K Brand, KA Dugi, JD Brunzell, DN Nevin and S Santamarina-Fojo
We have identified the underlying molecular defect in a patient with
hepatic lipase (HL) deficiency presenting with hypertriglyceridemia and
premature cardiovascular disease. DNA sequencing of polymerase chain
reaction (PCR) amplified DNA and digestion with BsrI established
homozygosity for an A-->G mutation in intron I of the patient's hepatic
lipase gene. This mutation introduces an additional AG motif within a
potential branch lariat signal located 13 bp upstream of the native 3'
splice site. Two minigene constructs (normal and mutant) consisting of
exons 1 and 2 as well as 192 bp of intron I of HL were generated by the
overlap PCR extension method and transfected in human 293 cells. Sequence
analysis of reverse transcribed, amplified cDNA generated from total RNA
isolated from transfected cells demonstrated the presence of abnormally
spliced products containing 13 and 78 additional bases as well as the
accumulation of unspliced mRNA. No normally spliced mRNA was identified.

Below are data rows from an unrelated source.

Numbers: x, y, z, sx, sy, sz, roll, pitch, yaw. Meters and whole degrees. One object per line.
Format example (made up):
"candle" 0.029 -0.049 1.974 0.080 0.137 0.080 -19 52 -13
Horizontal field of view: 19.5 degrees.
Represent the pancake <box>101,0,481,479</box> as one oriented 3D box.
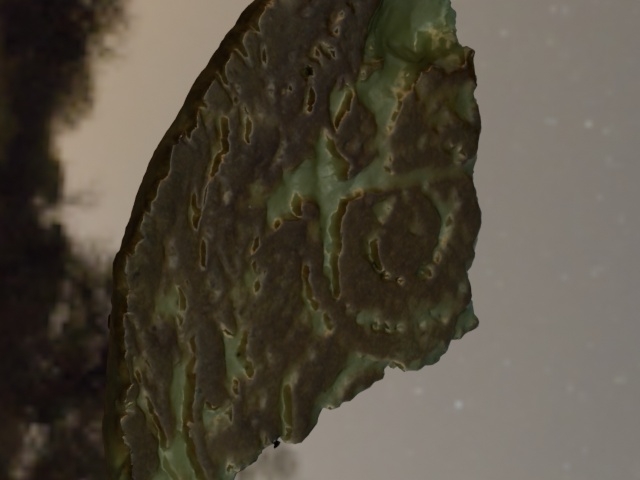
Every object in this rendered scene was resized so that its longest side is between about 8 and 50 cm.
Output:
"pancake" -0.004 -0.001 0.867 0.054 0.197 0.376 15 -105 57
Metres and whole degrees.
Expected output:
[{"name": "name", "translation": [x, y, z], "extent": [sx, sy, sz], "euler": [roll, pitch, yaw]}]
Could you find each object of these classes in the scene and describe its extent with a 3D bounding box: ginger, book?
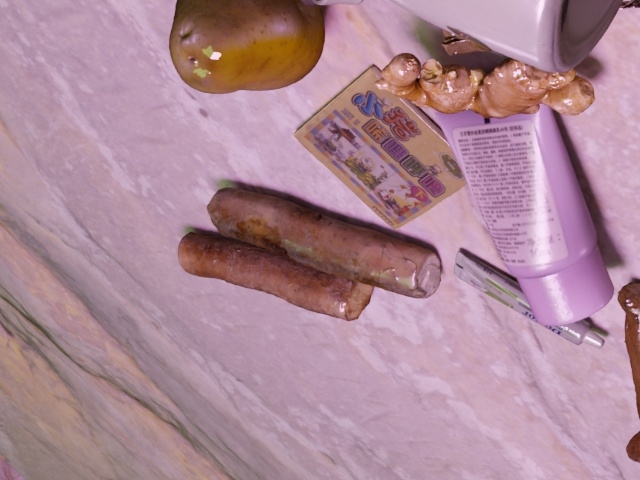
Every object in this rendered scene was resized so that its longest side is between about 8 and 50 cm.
[{"name": "ginger", "translation": [0.153, -0.151, 1.419], "extent": [0.193, 0.052, 0.176], "euler": [15, 174, -7]}, {"name": "book", "translation": [0.072, -0.099, 1.646], "extent": [0.168, 0.013, 0.192], "euler": [43, 148, -8]}]

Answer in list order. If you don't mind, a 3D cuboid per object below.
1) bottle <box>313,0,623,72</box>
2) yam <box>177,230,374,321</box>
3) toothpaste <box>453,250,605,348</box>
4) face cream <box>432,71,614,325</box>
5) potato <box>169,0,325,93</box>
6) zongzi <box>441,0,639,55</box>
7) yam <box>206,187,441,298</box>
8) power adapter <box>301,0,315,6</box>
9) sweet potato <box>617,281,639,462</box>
[{"name": "bottle", "translation": [0.077, -0.289, 1.196], "extent": [0.352, 0.229, 0.229], "euler": [26, 147, 19]}, {"name": "yam", "translation": [-0.067, 0.042, 1.924], "extent": [0.300, 0.066, 0.066], "euler": [15, 142, 34]}, {"name": "toothpaste", "translation": [0.238, 0.072, 1.687], "extent": [0.197, 0.029, 0.048], "euler": [30, 147, 18]}, {"name": "face cream", "translation": [0.212, -0.048, 1.516], "extent": [0.154, 0.096, 0.274], "euler": [-4, 117, 51]}, {"name": "potato", "translation": [-0.083, -0.214, 1.488], "extent": [0.157, 0.194, 0.157], "euler": [13, 121, 23]}, {"name": "zongzi", "translation": [0.174, -0.259, 1.296], "extent": [0.189, 0.081, 0.178], "euler": [-2, 115, 36]}, {"name": "yam", "translation": [0.000, 0.000, 1.796], "extent": [0.317, 0.071, 0.067], "euler": [18, 180, 28]}, {"name": "power adapter", "translation": [-0.056, -0.313, 1.386], "extent": [0.205, 0.130, 0.125], "euler": [44, 148, -12]}, {"name": "sweet potato", "translation": [0.374, 0.169, 1.623], "extent": [0.112, 0.085, 0.286], "euler": [14, 141, 40]}]

Thus, the A-->G mutation disrupts normal splicing of intron I and
generates a new AG site that is utilized as an alternative 3' splice signal
leading to the most prominent RT-PCR product in vitro. Translation of these
alternatively spliced products leads to premature termination resulting in
the synthesis of a truncated, non-functional enzyme. The absence of normal
HL protein in post heparin plasma of this patient was confirmed by Western
blotting. DNA restriction analysis demonstrated that all four of the
proband's children, who exhibit HL activity levels between those of the
HL-deficient father and the mother with normal HL activity, are
heterozygotes for the splice site mutation. Thus, our studies establish the
functional significance of a novel mutation in the HL gene of a patient
presenting with HL deficiency.
ARTICLES
A novel A-->G mutation in intron I of the hepatic lipase gene leads to alternative splicing resulting in enzyme deficiency
Molecular Disease Branch, National Heart, Lung, and Blood Institute, National Institutes of Health, Bethesda, MD 20892, USA.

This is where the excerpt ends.